У двух трапов стояли моряки с винтовками. Они не пропускали на эсминец ни одного человека. Бойцы и гражданские разгружали и складывали ящики у трапов, а на эсминец их таскала команда.
Посмотрев на строгих морячков, стоявших с винтовками по обеим сторонам трапов, Левашов понял, что тут не проскочишь, и стал высматривать какое-нибудь морское начальство.
– Калюжный, Калюжный, не прохлаждайся! Этот ящик краном надо брать. Кран давай! – кричал, стоя в двадцати шагах от Левашова, спиной к нему, короткий, плотный морячок-командир, в куцем кительке и с пистолетом на длинных морских ремнях, при каждом движении хлопавшим его по толстой ляжке.
– Слушайте, товарищ морской бог, – сказал Левашов, подходя к нему сзади. – Как бы попасть на вашу посудину?
Морячок повернулся и, вздернув голову, выставил навстречу Левашову богатырский орлиный нос. Он явно собирался выругаться, но вместо этого расплылся в улыбке и, протянув Левашову коротенькую руку, воскликнул: «Федя!» – с таким выражением, словно только и ждал встретить Левашова, именно сейчас и здесь, в Одесском порту, около своего эсминца.
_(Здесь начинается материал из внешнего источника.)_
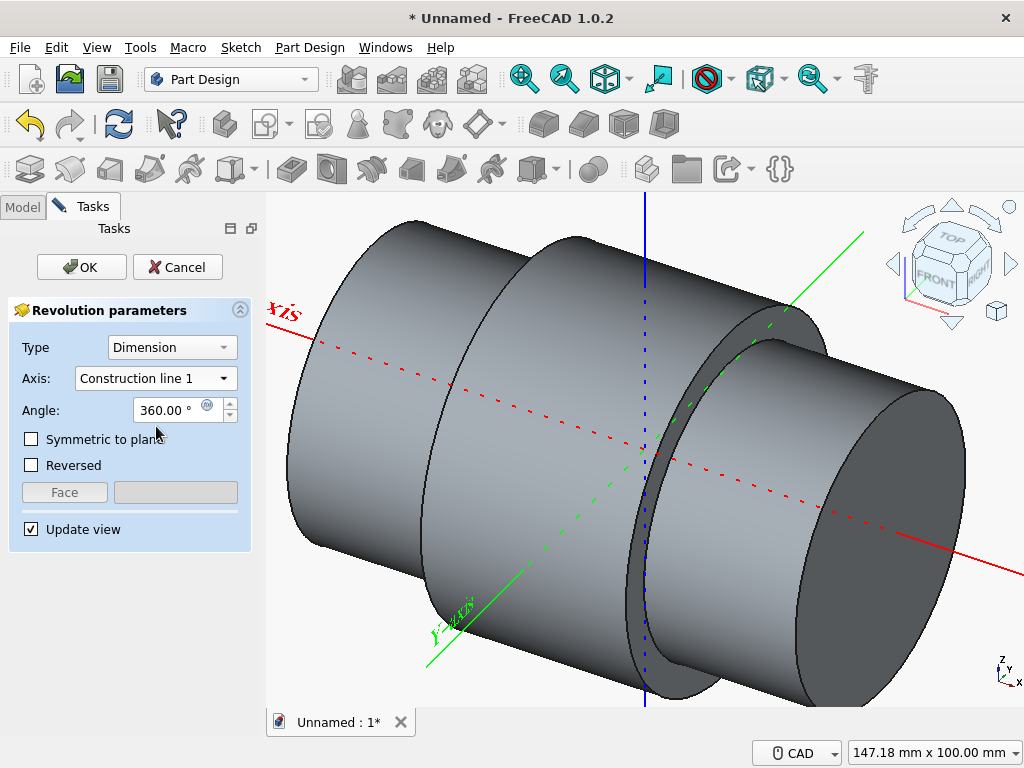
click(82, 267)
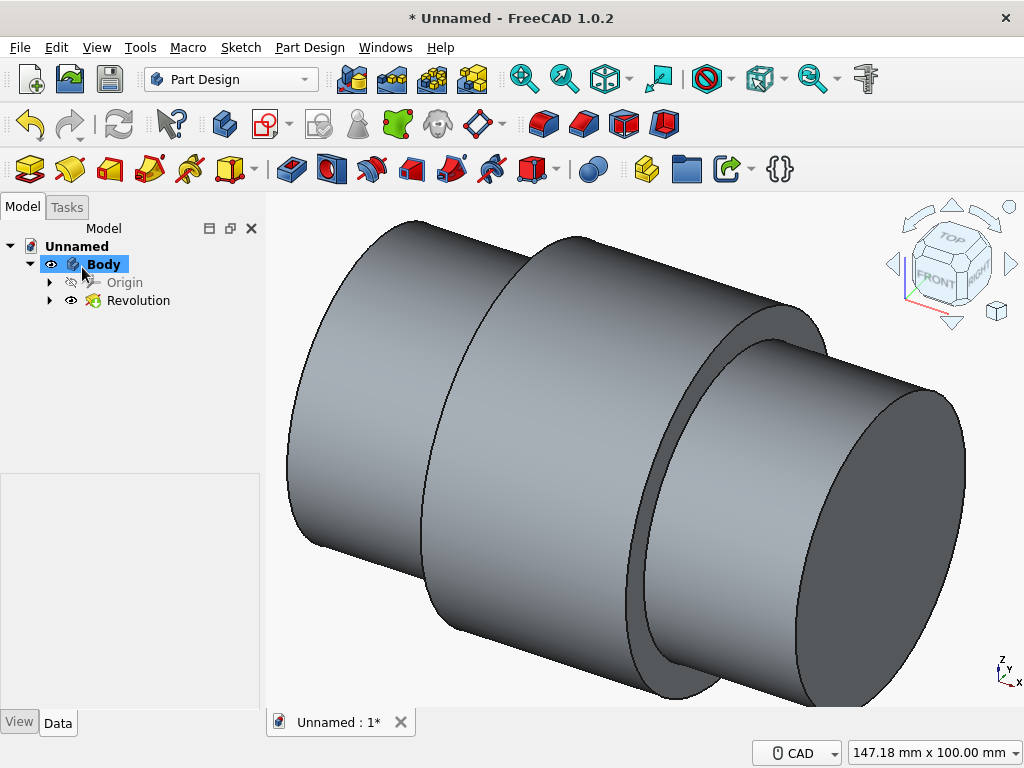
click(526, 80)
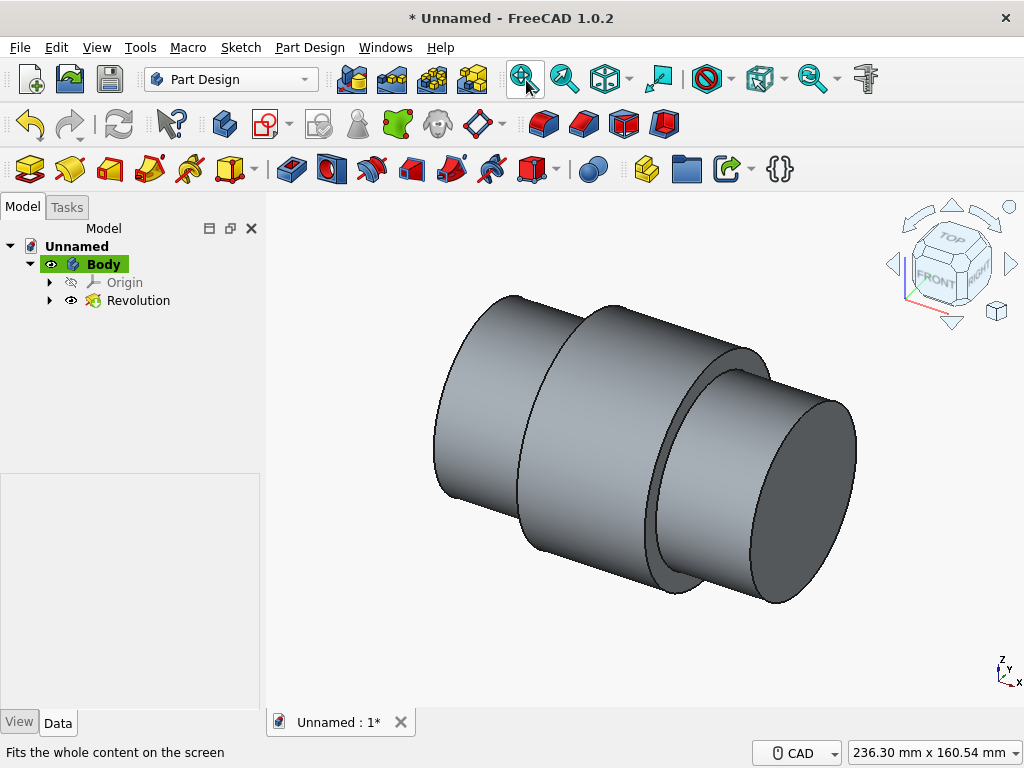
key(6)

Это был Гришка Кариофили, керченский грек, земляк Левашова, а потом его однокашник по военно-политическому училищу. Они не виделись семь лет.
– Ты чего здесь делаешь, Гришка? – спросил Левашов.
– Комиссарю на этом красавце, – сказал Кариофили. – А ты?
– С утра был комиссаром полка.
– А теперь чего?
– А теперь хочу драпануть вместе с тобой из Одессы. Возьмешь?
– А если серьезно?
– Приехал попрощаться, ты сегодня за один рейс двух моих бывших командиров полка увозишь.
– Двух сразу? – спросил Кариофили. – Слыхал, что у вас туго, но не думал, что так!
– А ты съезди на передовую, погляди. С воды не все видать! – сказал Левашов.
– Сахаров! – крикнул Кариофили стоявшему у трапа моряку. Он за время погрузки отвык говорить и только кричал. – Проводите батальонного комиссара в кают-компанию. Учти, через десять минут отвалим! – крикнул Кариофили Левашову, когда тот поднимался по трапу. – А то и правда в дезертиры попадешь!